From: Nicholas Piggin <npiggin@gmail.com>
To: qemu-devel@nongnu.org
Cc: "Nicholas Piggin" <npiggin@gmail.com>,
"Pavel Dovgalyuk" <Pavel.Dovgalyuk@ispras.ru>,
"Philippe Mathieu-Daudé" <philmd@linaro.org>,
"Richard Henderson" <richard.henderson@linaro.org>,
"Alex Bennée" <alex.bennee@linaro.org>,
"Paolo Bonzini" <pbonzini@redhat.com>,
"John Snow" <jsnow@redhat.com>, "Cleber Rosa" <crosa@redhat.com>,
"Wainer dos Santos Moschetta" <wainersm@redhat.com>,
"Beraldo Leal" <bleal@redhat.com>,
"Michael Tokarev" <mjt@tls.msk.ru>
Subject: [PATCH v4 00/24] replay: fixes and new test cases
Date: Tue, 12 Mar 2024 03:40:02 +1000 [thread overview]

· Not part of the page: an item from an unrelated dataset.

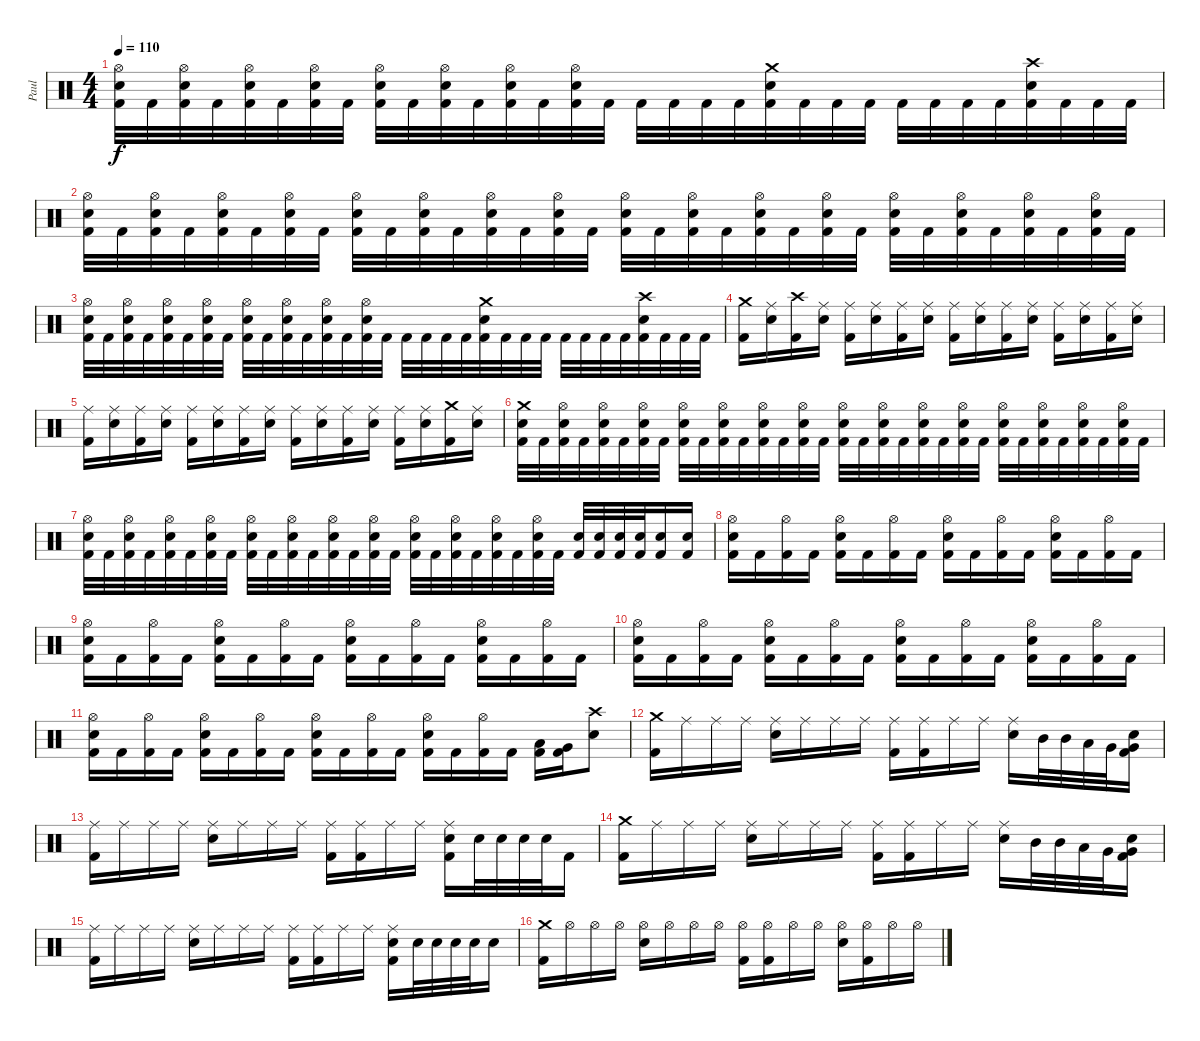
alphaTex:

Message-ID: <20240311174026.2177152-1-npiggin@gmail.com> (raw)
Since v3,
* Attacked the replay_linux.py bugs and found a bunch of gaps
in networking that was causing the hangs.
* And several powerpc bugs that were also causing problems on
pseries.
* Added ppc test to replay_linux.py now that it's working.
* Found several crash bugs in record/replay vs migration.
* Added snapshot and more stepping tests to reverse_debugging.py
* Addressed comments in auto-snapshot code.
* Added auto-snapshot test case.
* "Solved" x86-64 issues in test cases by switching to q35, which
seems to have less problems.
The last 3 patches I will take in the ppc tree, but included here
because powerpc is the only one that survives the record-replay test
with auto-snapshots at the moment.
Thanks,
Nick
Since v2, here fixes became less minor so I rename the series.
https://lore.kernel.org/qemu-devel/20240125160835.480488-1-npiggin@gmail.com/#r)
* Found several more bugs (patches 5-8).
* Enable the rr avocado test on pseries and aarch64 virt since they're
passing here (and on gitlab, e.g.,
https://gitlab.com/npiggin/qemu/-/jobs/6253787216,
https://gitlab.com/npiggin/qemu/-/jobs/6253787218).
* Updated replay-dump script to John's feedback.
x86-64 still has issues with replay and reverse debugging tests.
replay_kernel.py seems to be timing dependent -- after patch 5 I
had it pass 30/30 runs, then the following day 0/30 and I realized
I had several other QEMU instances hogging the CPU which probably
changed timings. So the first thing I would look at is timers and
clocks. pseries had some rounding issues in time calculations that meant
clock/timer were not replayed exactly as they were recorded, which
caused hangs.
Thanks,
Nick
Nicholas Piggin (24):
scripts/replay-dump.py: Update to current rr record format
scripts/replay-dump.py: rejig decoders in event number order
tests/avocado: excercise scripts/replay-dump.py in replay tests
replay: allow runstate shutdown->running when replaying trace
Revert "replay: stop us hanging in rr_wait_io_event"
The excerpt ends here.